**Data supplied:**
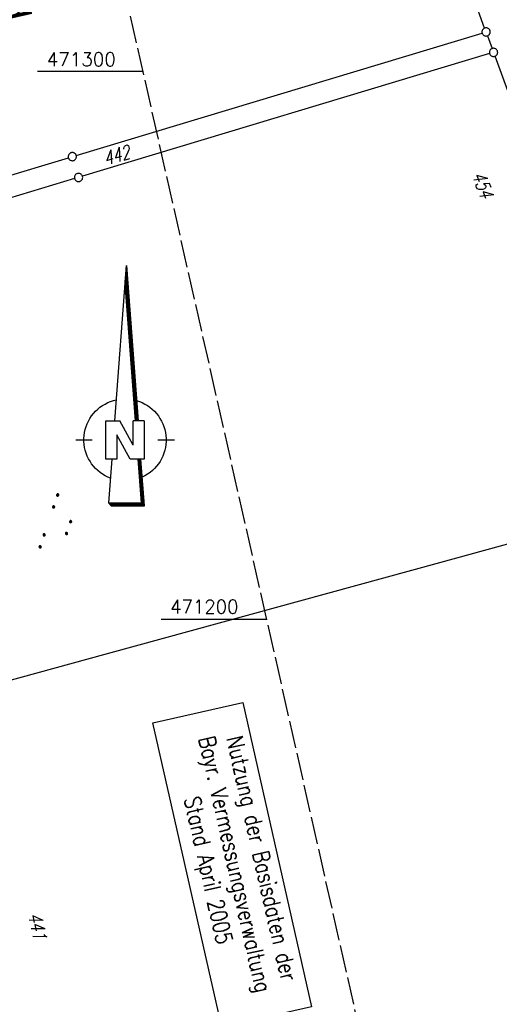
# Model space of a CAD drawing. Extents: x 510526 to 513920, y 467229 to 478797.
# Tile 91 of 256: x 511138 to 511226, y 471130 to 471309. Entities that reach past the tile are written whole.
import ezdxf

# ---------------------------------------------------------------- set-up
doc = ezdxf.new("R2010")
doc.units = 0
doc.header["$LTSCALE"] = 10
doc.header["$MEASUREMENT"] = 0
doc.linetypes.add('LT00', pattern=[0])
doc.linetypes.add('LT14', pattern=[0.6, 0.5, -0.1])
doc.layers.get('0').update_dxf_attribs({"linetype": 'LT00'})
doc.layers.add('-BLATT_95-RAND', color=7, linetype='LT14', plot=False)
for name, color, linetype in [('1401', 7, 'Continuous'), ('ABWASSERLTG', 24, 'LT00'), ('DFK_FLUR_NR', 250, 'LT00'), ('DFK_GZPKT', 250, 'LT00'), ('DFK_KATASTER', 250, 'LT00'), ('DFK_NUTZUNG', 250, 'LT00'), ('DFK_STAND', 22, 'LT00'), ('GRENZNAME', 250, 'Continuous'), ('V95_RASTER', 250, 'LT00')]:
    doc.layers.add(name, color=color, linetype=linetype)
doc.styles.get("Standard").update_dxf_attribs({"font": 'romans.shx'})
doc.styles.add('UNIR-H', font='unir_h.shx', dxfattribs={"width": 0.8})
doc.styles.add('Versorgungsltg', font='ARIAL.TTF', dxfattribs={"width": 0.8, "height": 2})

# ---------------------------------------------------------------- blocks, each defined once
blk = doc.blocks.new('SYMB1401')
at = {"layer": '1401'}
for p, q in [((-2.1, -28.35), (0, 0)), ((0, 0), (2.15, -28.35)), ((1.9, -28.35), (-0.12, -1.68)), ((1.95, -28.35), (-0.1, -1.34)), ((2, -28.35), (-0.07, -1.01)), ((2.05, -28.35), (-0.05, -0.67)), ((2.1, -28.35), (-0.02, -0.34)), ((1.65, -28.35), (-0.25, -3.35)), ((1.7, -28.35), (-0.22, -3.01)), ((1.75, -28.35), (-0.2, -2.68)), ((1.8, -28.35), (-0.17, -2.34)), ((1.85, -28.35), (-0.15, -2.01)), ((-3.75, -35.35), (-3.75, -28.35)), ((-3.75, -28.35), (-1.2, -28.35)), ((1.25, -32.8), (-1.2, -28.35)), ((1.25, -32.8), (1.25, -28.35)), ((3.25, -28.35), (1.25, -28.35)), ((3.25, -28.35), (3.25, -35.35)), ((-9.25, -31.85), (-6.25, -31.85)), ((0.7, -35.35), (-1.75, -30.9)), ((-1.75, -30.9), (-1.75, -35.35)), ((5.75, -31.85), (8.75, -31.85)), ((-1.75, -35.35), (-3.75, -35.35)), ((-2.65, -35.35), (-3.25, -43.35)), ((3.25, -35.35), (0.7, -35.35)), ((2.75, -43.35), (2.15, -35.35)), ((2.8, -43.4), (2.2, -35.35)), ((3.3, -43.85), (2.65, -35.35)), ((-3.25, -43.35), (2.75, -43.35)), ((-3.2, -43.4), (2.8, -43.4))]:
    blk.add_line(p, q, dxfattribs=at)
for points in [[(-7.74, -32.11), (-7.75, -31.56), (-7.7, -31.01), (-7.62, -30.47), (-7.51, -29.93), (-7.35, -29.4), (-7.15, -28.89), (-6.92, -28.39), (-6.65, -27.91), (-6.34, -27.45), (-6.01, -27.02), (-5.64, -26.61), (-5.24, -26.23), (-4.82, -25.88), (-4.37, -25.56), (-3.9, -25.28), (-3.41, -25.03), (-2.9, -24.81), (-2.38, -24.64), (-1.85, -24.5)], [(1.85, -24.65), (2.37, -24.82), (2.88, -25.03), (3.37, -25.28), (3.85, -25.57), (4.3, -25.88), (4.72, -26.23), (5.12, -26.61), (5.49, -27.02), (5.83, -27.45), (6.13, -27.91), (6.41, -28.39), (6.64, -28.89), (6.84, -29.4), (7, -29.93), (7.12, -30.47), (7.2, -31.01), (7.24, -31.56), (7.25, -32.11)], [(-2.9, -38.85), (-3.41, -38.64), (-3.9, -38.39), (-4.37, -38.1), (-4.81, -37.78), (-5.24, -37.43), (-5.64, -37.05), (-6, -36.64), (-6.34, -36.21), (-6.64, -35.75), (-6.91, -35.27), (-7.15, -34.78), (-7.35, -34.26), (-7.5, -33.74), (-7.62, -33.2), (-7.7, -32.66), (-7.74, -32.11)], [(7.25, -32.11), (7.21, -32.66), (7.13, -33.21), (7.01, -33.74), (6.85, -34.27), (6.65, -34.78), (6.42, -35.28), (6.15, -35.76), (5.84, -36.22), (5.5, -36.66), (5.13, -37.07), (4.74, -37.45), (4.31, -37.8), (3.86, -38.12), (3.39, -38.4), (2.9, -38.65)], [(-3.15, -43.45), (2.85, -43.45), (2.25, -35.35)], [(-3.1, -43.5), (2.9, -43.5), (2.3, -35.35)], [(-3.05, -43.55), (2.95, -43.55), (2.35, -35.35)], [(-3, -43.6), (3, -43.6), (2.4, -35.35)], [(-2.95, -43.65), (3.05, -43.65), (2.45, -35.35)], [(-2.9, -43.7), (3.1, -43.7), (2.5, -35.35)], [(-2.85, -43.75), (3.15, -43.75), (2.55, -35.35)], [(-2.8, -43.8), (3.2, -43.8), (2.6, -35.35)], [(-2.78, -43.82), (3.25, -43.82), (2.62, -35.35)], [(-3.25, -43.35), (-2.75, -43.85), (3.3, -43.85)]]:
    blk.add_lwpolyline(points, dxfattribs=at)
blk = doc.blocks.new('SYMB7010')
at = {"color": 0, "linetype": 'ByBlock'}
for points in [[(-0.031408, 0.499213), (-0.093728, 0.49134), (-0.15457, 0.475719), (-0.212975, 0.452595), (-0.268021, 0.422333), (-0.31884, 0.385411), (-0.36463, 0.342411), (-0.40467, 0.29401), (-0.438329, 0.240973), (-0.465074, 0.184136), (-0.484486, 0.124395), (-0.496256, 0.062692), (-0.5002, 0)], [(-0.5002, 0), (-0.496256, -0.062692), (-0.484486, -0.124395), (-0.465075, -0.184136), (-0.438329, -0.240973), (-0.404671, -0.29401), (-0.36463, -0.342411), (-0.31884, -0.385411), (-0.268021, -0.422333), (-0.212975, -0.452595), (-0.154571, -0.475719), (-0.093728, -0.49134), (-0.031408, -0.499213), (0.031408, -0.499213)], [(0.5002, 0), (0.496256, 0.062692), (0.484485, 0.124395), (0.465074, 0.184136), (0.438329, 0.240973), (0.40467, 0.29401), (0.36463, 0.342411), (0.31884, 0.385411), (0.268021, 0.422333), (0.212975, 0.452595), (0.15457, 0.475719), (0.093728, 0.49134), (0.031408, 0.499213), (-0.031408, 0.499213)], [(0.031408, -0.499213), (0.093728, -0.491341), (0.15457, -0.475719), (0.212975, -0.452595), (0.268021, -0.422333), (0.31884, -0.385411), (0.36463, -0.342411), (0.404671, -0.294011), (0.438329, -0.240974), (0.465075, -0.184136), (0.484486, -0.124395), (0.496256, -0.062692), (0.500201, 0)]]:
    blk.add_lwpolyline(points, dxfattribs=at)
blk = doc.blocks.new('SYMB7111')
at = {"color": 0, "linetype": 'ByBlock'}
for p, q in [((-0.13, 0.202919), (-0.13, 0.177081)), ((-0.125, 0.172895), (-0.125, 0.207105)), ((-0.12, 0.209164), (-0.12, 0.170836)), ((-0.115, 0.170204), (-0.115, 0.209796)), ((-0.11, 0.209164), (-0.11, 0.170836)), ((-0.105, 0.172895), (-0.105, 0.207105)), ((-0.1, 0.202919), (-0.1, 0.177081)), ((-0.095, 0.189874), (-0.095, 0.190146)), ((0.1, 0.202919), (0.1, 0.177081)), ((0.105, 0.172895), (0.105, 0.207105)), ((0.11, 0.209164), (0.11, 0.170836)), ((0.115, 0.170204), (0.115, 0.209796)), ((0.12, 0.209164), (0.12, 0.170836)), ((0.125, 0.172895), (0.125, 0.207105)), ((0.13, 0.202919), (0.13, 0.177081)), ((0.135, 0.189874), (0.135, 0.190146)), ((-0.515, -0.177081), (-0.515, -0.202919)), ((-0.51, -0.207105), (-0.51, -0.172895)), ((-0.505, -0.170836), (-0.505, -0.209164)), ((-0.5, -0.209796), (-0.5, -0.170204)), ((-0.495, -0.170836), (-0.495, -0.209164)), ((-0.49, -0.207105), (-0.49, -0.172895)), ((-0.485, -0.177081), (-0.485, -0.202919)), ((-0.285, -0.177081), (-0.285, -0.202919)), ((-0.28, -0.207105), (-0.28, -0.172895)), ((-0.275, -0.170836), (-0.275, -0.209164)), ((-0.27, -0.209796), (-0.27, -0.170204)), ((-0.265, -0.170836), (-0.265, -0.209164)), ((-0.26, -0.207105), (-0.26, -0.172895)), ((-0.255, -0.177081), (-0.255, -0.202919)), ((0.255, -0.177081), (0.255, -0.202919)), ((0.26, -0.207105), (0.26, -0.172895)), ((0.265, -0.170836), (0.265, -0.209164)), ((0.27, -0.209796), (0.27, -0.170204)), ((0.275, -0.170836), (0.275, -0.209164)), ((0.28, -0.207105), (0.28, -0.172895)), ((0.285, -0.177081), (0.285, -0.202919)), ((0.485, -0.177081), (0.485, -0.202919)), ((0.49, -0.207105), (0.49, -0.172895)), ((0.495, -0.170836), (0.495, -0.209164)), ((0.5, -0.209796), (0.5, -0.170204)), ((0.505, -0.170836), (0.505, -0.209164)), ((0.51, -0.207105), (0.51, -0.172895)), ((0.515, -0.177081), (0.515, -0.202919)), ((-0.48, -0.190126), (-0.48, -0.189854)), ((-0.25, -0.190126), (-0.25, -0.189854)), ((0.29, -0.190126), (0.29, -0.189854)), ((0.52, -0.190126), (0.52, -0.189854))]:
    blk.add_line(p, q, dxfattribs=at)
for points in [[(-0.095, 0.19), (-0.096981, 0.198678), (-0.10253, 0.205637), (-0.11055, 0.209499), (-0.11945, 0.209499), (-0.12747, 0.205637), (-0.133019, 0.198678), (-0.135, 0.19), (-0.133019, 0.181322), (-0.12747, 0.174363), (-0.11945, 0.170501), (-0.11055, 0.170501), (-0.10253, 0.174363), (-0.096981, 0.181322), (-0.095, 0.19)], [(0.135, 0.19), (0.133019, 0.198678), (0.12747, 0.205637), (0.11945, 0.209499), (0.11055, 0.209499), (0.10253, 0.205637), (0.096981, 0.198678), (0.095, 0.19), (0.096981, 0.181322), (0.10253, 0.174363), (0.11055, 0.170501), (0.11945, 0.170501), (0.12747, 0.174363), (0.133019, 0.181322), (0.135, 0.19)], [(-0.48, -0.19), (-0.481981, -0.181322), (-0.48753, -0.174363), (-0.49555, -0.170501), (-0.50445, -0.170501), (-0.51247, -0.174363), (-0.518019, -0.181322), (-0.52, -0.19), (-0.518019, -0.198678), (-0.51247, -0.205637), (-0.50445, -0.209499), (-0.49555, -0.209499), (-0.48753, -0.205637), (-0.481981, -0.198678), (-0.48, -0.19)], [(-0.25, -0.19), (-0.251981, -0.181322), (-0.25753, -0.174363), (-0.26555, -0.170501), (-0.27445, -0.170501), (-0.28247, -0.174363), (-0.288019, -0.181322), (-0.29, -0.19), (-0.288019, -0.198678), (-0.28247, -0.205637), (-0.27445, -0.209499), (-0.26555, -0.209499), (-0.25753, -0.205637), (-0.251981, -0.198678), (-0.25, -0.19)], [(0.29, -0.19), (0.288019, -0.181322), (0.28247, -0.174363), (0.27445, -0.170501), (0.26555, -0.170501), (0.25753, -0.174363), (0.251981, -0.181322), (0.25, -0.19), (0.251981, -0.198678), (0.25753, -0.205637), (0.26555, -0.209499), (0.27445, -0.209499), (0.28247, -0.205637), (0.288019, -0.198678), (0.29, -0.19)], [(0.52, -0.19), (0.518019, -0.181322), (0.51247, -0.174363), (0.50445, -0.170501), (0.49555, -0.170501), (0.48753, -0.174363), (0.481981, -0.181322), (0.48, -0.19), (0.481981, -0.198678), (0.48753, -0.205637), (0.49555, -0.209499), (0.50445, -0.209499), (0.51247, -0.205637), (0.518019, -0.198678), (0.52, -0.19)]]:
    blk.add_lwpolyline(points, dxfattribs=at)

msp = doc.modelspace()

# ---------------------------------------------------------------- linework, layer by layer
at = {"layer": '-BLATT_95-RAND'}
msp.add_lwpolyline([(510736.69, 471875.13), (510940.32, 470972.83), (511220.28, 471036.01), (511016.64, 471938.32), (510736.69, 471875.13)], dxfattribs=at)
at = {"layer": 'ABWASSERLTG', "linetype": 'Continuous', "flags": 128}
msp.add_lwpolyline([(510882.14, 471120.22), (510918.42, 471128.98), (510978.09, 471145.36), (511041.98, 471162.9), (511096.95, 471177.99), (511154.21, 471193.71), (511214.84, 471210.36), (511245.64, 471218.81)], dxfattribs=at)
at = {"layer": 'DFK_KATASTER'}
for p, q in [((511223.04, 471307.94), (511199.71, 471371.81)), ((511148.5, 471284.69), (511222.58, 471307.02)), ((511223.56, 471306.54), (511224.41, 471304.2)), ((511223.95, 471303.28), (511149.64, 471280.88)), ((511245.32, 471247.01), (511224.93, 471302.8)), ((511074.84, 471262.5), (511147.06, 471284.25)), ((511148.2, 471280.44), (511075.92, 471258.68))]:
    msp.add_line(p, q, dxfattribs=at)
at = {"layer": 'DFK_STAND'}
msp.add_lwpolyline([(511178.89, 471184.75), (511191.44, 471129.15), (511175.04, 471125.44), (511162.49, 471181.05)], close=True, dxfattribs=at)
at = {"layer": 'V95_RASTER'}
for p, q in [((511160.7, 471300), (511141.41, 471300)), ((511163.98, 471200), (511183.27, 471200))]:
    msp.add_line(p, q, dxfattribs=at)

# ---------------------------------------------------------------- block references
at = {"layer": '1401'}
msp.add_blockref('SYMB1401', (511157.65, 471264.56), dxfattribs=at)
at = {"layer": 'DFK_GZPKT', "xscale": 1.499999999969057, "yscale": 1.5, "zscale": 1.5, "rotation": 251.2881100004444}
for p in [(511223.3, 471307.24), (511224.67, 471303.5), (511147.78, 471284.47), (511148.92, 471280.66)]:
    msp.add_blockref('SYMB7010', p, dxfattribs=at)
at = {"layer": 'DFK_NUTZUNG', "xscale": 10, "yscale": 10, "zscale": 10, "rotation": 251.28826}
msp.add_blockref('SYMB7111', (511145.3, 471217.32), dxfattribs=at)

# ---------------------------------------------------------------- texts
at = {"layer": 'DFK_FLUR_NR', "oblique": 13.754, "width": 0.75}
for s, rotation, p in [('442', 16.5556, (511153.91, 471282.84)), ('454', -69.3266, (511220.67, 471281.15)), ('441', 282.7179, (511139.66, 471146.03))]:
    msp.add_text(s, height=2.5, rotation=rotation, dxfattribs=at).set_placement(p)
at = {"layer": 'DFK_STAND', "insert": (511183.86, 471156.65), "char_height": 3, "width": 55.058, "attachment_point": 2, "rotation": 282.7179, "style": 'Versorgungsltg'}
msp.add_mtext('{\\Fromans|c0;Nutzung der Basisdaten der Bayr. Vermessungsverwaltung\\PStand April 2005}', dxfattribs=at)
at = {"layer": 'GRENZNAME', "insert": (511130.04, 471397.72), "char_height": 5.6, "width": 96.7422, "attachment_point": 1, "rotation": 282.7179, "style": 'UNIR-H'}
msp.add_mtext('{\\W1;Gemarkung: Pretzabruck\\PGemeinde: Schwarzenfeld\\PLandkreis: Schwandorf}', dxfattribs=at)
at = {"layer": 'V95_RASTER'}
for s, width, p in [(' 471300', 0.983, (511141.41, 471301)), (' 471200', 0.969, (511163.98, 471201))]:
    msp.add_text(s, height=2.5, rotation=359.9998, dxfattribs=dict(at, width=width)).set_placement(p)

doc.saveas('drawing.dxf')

**What you should do:** Look through the entries above, find each line containing "Versorgungsltg", and copy it.

**Solution for this problem:**
doc.styles.add('Versorgungsltg', font='ARIAL.TTF', dxfattribs={"width": 0.8, "height": 2})
at = {"layer": 'DFK_STAND', "insert": (511183.86, 471156.65), "char_height": 3, "width": 55.058, "attachment_point": 2, "rotation": 282.7179, "style": 'Versorgungsltg'}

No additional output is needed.